Sheldon quiere a su grupo de amigos. A pesar de todo, tiene la capacidad de amar. Ese es su gran logro, olvidaos del Nobel. Esas dos palabras arrancan de sus adentros un multiverso desconocido para él, el de los sentimientos. Tanto mirar allá fuera, al vasto Universo, y a Sheldon jamás se le había ocurrido mirar aquí dentro, al inabarcable hombre. Amy, Leonard, Howard, Raj, Bernadette y Penny aceptan sus palabras emocionados, como un niño el primero helado del verano. Big Bang llega a su fin.

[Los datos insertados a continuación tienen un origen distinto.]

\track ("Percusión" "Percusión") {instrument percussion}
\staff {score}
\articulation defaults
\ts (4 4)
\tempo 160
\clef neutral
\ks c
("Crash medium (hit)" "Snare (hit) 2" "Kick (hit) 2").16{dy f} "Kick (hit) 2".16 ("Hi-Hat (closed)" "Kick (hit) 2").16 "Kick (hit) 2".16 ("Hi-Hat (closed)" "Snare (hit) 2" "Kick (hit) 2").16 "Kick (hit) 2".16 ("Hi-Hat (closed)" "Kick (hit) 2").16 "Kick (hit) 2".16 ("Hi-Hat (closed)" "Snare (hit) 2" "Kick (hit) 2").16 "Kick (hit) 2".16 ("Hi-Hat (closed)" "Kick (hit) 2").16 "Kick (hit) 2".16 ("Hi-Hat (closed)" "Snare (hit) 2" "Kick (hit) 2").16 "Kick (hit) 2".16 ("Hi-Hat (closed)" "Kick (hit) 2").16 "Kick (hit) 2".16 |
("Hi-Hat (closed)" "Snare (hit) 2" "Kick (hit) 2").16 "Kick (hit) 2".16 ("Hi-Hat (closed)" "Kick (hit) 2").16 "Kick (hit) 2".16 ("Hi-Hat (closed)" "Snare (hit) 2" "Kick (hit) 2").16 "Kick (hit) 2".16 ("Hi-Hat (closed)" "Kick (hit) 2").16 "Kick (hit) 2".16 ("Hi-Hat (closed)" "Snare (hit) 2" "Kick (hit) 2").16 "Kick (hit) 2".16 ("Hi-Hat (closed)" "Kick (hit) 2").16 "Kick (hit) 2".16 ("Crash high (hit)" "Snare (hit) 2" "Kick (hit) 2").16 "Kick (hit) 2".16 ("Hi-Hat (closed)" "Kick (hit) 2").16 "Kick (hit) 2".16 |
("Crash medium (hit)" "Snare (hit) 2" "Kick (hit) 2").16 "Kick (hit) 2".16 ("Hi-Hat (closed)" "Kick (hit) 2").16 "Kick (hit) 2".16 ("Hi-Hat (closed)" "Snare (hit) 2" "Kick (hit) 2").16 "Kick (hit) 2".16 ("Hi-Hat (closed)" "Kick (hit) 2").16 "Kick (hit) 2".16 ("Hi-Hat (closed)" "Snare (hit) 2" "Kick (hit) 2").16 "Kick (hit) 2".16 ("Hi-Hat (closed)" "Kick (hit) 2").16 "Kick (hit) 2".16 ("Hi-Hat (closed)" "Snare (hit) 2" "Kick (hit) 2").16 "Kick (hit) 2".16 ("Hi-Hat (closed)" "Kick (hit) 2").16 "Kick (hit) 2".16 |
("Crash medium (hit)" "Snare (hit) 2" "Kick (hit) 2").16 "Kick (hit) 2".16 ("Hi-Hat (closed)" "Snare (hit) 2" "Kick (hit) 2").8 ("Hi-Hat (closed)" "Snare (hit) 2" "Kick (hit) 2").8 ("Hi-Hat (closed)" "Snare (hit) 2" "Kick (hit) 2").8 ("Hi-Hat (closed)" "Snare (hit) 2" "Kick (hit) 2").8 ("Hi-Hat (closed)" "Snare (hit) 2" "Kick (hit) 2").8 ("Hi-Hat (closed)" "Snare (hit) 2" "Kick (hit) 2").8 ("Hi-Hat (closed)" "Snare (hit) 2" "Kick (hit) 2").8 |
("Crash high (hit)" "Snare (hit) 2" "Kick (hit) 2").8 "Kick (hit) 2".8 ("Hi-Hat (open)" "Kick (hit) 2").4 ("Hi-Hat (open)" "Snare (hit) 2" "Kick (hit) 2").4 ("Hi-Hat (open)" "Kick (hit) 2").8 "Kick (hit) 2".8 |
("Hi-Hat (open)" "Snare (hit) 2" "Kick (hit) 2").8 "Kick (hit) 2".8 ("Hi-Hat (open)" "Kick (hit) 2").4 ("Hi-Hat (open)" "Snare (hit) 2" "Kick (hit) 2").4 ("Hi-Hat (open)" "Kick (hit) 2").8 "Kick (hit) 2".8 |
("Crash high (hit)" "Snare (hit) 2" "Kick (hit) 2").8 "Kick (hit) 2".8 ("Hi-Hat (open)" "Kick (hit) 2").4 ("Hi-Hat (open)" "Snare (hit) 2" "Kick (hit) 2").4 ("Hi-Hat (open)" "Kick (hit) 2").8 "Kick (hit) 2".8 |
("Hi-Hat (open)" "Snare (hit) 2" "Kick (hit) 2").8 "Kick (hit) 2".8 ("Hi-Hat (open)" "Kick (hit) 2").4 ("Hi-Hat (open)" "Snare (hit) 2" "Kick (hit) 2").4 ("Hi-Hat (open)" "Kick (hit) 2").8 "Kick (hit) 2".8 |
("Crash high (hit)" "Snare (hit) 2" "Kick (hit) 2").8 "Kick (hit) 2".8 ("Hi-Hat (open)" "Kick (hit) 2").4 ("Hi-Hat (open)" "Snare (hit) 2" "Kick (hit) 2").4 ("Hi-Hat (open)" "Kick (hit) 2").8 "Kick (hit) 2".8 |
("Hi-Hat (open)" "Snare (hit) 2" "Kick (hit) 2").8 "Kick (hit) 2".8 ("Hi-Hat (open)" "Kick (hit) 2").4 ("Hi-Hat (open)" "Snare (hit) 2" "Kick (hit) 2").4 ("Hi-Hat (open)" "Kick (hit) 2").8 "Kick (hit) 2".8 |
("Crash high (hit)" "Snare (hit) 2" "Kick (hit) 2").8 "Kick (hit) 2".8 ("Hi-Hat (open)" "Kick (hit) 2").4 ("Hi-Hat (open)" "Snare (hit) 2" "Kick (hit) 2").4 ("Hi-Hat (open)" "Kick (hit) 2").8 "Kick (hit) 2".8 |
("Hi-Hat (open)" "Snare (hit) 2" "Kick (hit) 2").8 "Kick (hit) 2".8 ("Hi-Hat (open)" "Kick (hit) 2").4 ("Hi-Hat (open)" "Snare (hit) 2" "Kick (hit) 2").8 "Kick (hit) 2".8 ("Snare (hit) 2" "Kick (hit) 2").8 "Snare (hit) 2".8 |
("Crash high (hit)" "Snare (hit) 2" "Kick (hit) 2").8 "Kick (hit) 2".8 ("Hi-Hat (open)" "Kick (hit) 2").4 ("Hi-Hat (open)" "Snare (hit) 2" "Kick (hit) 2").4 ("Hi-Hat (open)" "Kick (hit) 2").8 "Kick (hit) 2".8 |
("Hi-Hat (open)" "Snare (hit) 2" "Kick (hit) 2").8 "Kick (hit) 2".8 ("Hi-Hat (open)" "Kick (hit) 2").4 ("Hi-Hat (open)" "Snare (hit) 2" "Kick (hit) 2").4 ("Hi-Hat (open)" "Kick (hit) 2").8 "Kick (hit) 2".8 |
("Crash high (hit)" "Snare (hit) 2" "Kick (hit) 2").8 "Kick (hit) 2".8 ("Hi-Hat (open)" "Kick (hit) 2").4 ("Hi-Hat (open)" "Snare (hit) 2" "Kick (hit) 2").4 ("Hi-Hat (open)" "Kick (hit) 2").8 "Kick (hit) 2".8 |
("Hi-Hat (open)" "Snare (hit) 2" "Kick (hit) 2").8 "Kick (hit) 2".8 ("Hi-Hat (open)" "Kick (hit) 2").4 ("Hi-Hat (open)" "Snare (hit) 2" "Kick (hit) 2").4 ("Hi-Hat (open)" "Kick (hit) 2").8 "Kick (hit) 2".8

Esta habitación no se vacía
Para hablar de la última escena de la serie, retomaremos la reflexión de las habitaciones vacías del primer párrafo. Estamos en la mítica casa de Leonard y Sheldon. Según los cánones de las sitcom, sería momento de abandonar aquel comedor para siempre. Los personajes se reúnen con los ojos cubiertos de rocío para despedirse de ese espacio, su mundo, por última vez. Uno por uno, van saliendo por la puerta, que se cierra para jamás volver a abrirse. Quizás, desde fuera, Sheldon la golpea tres veces mientras repite otras tantas veces la palabra adiós. Nada de eso. Big Bang termina en ese mismo comedor, sí, pero sin nadie yéndose de allí. Están cenando. Hablan. Ríen. Como tantas otras veces han hecho, como tantas veces harán. Esa es la gran virtud del final de la serie. No hay habitación vacía. The Big Bang Theory se funde a negro pero no así las vidas de sus protagonistas tal y como las hemos conocido. No los volveremos a ver, pero gracias a esa última escena sabemos que seguirán allí siempre. No hay vacío que nos vacíe esta vez.
Y, mientras vemos a ese tropa de genios locos y entrañables alejarse al ritmo de un zoom out parsimonioso, un big bang de satisfacción dibuja sonrisas cuánticas en nuestros rostros multidimensionalmente felices.